Für Führung heißt das: Präsilienz kultivieren =
- Möglichkeitsräume öffnen
- Imagination fördern
- kleine Experimente zulassen
- Entscheidungen erleichtern
- Lernen durch Tun priorisieren
Gesundheitswesen als Brennglas: Zukunft unter Hochdruck
Besonders plastisch wird es, als Druyen über das Gesundheitswesen spricht. Er beschreibt Pflege, Kliniken und Rettungsdienste als systemrelevante Felder, die gleichzeitig unter Wertschätzungsmangel, Regulierung und Überlastung leiden. KI-Potenziale werden oft positiv gesehen (z. B. automatische Dokumentation), scheitern aber an Bürokratie, Statuten und föderaler Zersplitterung.
Seine Beobachtung: Große Systeme verändern sich selten „im Kern“. Was funktioniert, sind Satelliten- oder Start-up-Strukturen, die neue Lösungen entwickeln und dann nach und nach das Gesamtsystem prägen. Dieses Bild lässt sich auf viele Branchen übertragen: Wer Zukunft will, braucht geschützte Experimentierräume, die nicht sofort von den alten Regeln neutralisiert werden.
Das stärkste Gegenmittel zur „Kettensäge“? Entscheidungskompetenz
Gegen Ende des Gesprächs taucht eine Metapher auf, die hängen bleibt: die Kettensäge. Sie steht für radikale Zerstörung als Antwort auf ein Gefühl von Gefesselt-sein. Druyen erklärt, warum solche Bilder psychologisch so stark wirken: Bedrohung triggert Menschen tiefer als das Schöne.
Was ist das bessere Gegenbild? Für ihn nicht Romantik, sondern etwas Nüchternes und Mächtiges: Entscheidung.
Zukunft entsteht, wenn Menschen sich entscheiden – trotz innerer Resilienz, trotz Unsicherheit.
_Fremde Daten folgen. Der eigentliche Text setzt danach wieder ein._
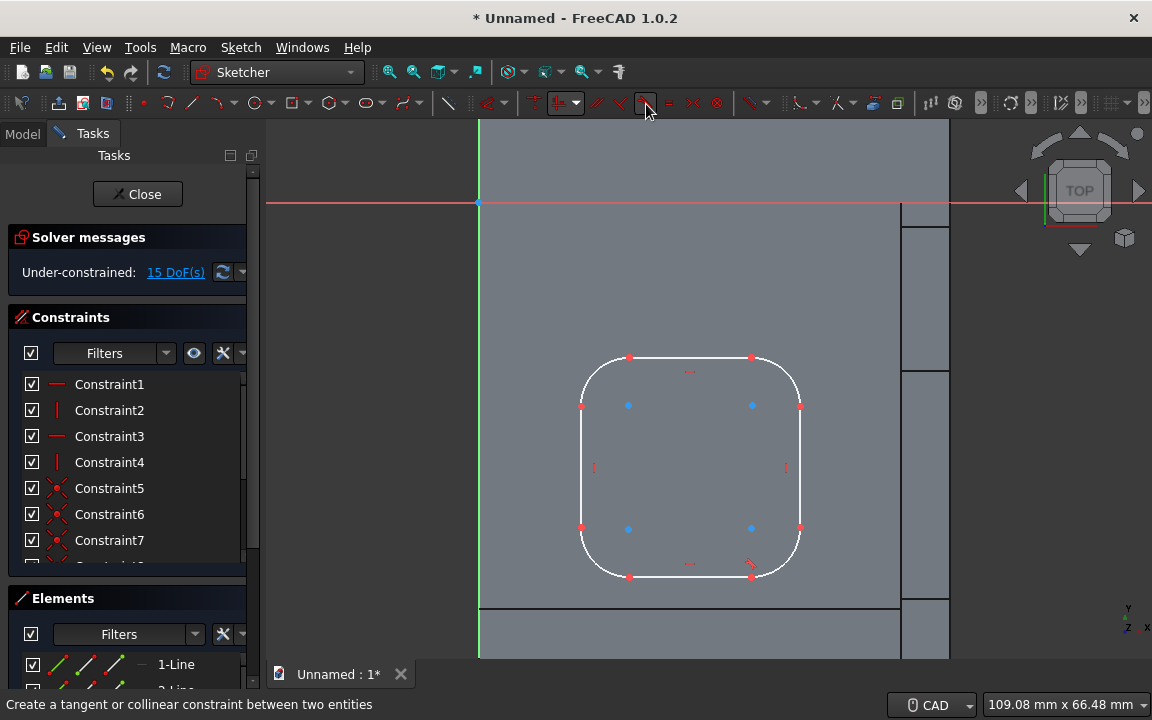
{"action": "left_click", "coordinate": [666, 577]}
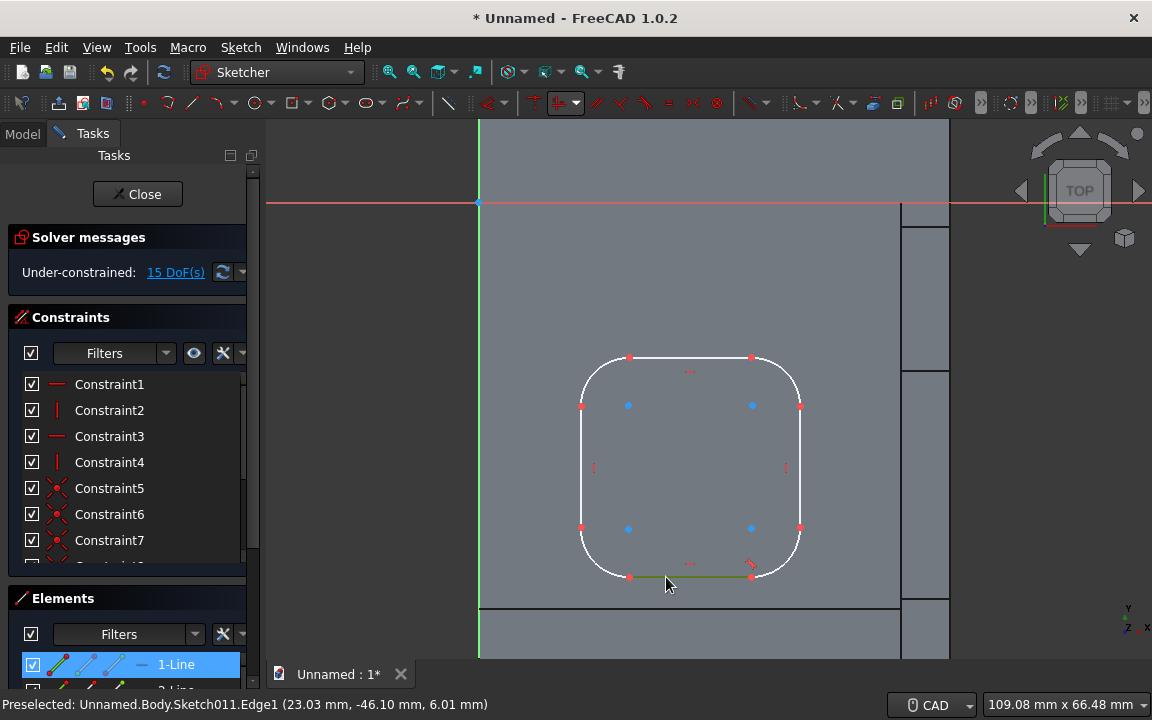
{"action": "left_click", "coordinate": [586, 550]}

Entscheidungskompetenz ist damit eine Kernfähigkeit der Zukunftsorganisation.
Drei Take-aways für Führung und Organisationsentwicklung
1. Zukunft gibt es nur im Plural.
Wer Zukunft steuern will, muss zuerst die Zukünfte der Beteiligten sichtbar machen.
2. Präsilienz schlägt Resilienz.
Nicht aushalten, sondern antizipieren, imaginieren und handeln – in kleinen, realen Schritten.
3. Empathie wird zum Wettbewerbsvorteil.
Fachlichkeit wandert zu Maschinen, Beziehung und Bedeutung bleiben menschlich.